BEGIN
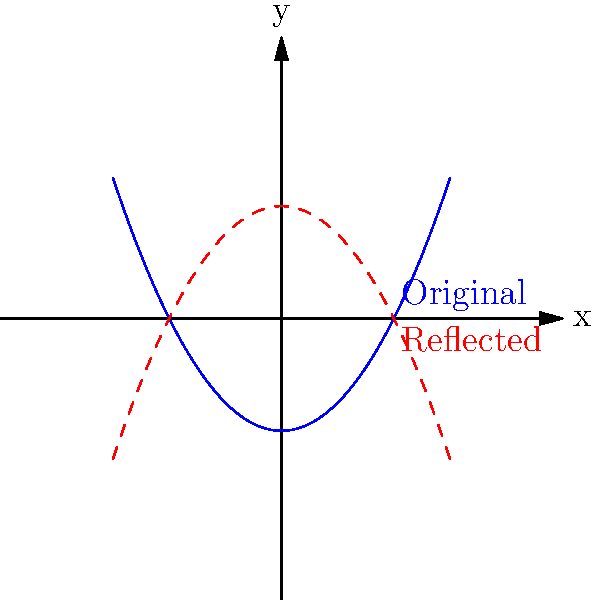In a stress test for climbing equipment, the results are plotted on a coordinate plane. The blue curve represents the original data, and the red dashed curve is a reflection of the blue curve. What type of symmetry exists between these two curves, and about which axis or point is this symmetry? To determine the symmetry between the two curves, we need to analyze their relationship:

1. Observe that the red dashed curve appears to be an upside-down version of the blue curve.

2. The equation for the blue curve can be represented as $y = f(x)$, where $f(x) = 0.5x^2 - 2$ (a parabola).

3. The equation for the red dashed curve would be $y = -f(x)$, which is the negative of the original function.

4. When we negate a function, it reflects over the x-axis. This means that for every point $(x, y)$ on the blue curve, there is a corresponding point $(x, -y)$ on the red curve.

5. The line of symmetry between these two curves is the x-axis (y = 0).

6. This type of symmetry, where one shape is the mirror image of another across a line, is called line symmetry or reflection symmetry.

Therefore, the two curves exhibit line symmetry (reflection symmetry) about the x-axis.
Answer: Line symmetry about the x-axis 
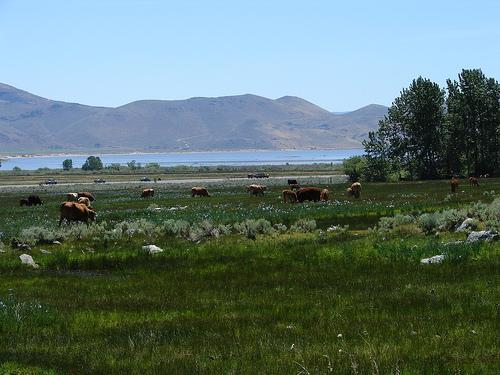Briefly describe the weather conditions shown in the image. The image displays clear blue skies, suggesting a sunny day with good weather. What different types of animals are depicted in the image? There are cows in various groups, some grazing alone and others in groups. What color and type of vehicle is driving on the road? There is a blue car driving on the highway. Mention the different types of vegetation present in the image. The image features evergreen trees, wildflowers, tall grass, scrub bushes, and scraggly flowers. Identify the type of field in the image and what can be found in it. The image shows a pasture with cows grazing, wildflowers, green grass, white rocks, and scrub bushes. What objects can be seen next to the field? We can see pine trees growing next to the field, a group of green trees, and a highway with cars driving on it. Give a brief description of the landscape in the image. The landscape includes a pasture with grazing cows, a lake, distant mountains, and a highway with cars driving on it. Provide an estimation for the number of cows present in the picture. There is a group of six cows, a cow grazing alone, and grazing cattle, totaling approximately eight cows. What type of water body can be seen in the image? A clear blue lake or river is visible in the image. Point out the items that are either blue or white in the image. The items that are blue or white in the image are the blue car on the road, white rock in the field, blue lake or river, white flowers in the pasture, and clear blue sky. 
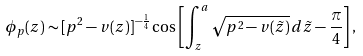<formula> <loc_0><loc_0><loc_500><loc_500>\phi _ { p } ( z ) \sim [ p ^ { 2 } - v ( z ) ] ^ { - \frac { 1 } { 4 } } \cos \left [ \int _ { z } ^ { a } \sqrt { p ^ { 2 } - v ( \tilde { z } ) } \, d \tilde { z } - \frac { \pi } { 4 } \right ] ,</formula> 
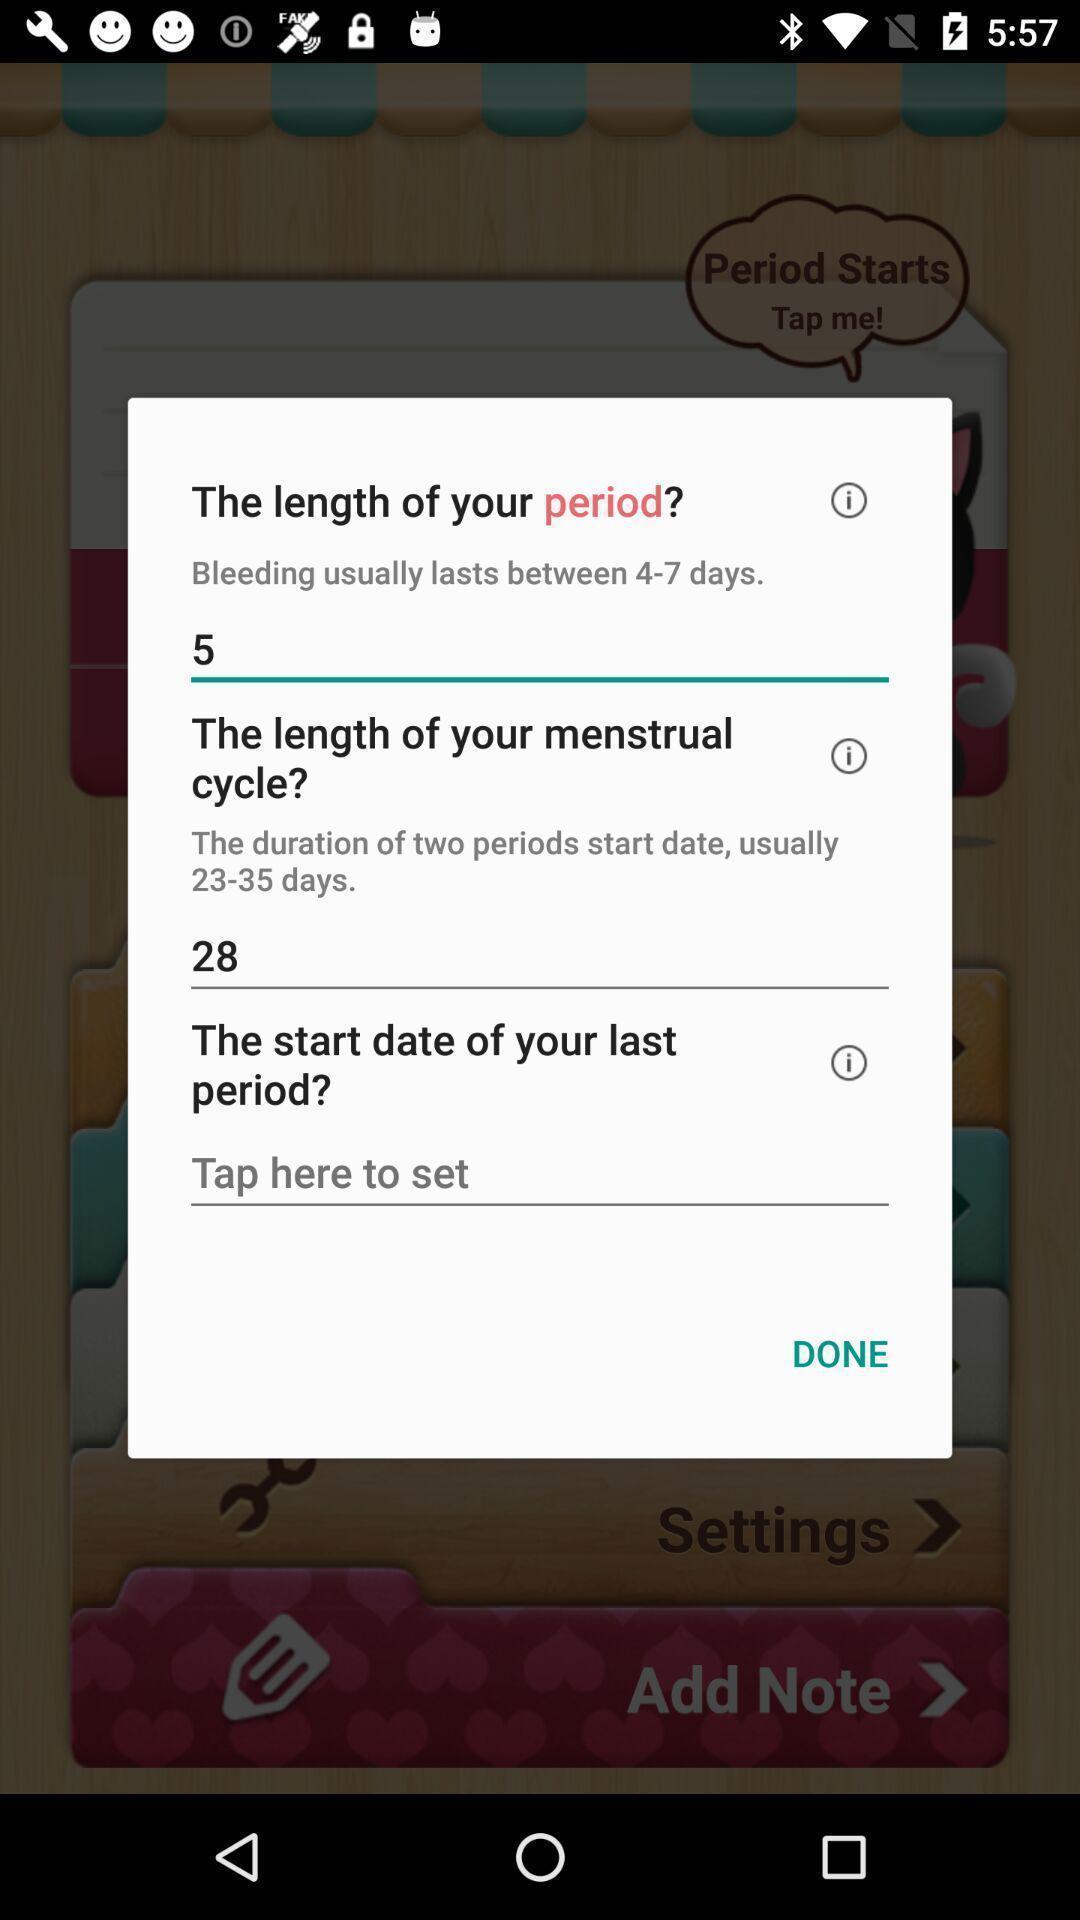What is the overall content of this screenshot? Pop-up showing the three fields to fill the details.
END
PROBLEM ▸ Only the lines above starting at the line that holds "2. The equation" and ending at the line that holds "Answer: Line symmetry about the x-axis" are to be repeated, exactly and in full.

OUTPUT OF THE TASK ▸
2. The equation for the blue curve can be represented as $y = f(x)$, where $f(x) = 0.5x^2 - 2$ (a parabola).

3. The equation for the red dashed curve would be $y = -f(x)$, which is the negative of the original function.

4. When we negate a function, it reflects over the x-axis. This means that for every point $(x, y)$ on the blue curve, there is a corresponding point $(x, -y)$ on the red curve.

5. The line of symmetry between these two curves is the x-axis (y = 0).

6. This type of symmetry, where one shape is the mirror image of another across a line, is called line symmetry or reflection symmetry.

Therefore, the two curves exhibit line symmetry (reflection symmetry) about the x-axis.
Answer: Line symmetry about the x-axis 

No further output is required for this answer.